* Description of the task *
List each line of the data in which the string "from" appears.

START Supplied records

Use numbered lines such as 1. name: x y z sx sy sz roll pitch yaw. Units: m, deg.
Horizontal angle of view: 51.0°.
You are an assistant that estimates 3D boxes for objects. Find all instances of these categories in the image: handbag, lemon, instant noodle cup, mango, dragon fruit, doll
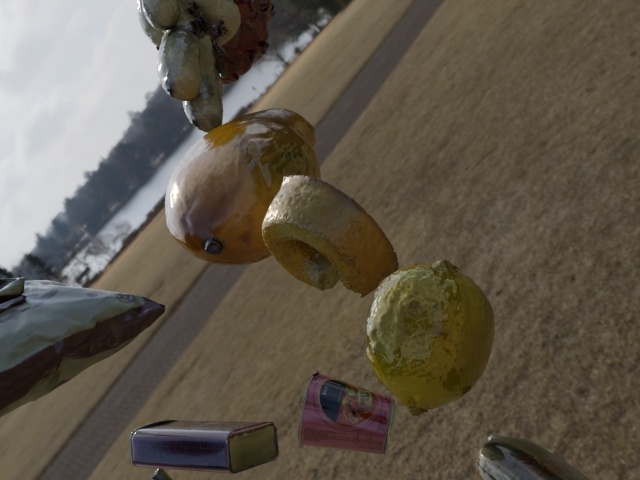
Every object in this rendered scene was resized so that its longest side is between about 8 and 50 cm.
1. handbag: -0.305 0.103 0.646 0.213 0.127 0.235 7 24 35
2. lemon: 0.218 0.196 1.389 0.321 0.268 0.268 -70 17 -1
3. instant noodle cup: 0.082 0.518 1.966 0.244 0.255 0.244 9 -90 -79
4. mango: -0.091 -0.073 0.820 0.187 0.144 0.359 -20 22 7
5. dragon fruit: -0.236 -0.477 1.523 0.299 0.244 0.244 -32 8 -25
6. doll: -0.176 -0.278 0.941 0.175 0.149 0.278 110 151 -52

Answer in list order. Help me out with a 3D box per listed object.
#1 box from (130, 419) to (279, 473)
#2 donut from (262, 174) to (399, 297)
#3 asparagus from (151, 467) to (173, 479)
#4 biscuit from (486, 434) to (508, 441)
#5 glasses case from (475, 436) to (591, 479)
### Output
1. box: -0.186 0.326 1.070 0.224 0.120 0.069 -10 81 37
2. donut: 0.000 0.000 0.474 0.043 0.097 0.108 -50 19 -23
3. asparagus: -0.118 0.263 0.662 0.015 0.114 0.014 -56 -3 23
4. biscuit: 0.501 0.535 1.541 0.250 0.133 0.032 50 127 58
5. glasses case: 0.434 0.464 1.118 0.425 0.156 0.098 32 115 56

END Supplied records

* Task solution *
#1 box from (130, 419) to (279, 473)
#2 donut from (262, 174) to (399, 297)
#3 asparagus from (151, 467) to (173, 479)
#4 biscuit from (486, 434) to (508, 441)
#5 glasses case from (475, 436) to (591, 479)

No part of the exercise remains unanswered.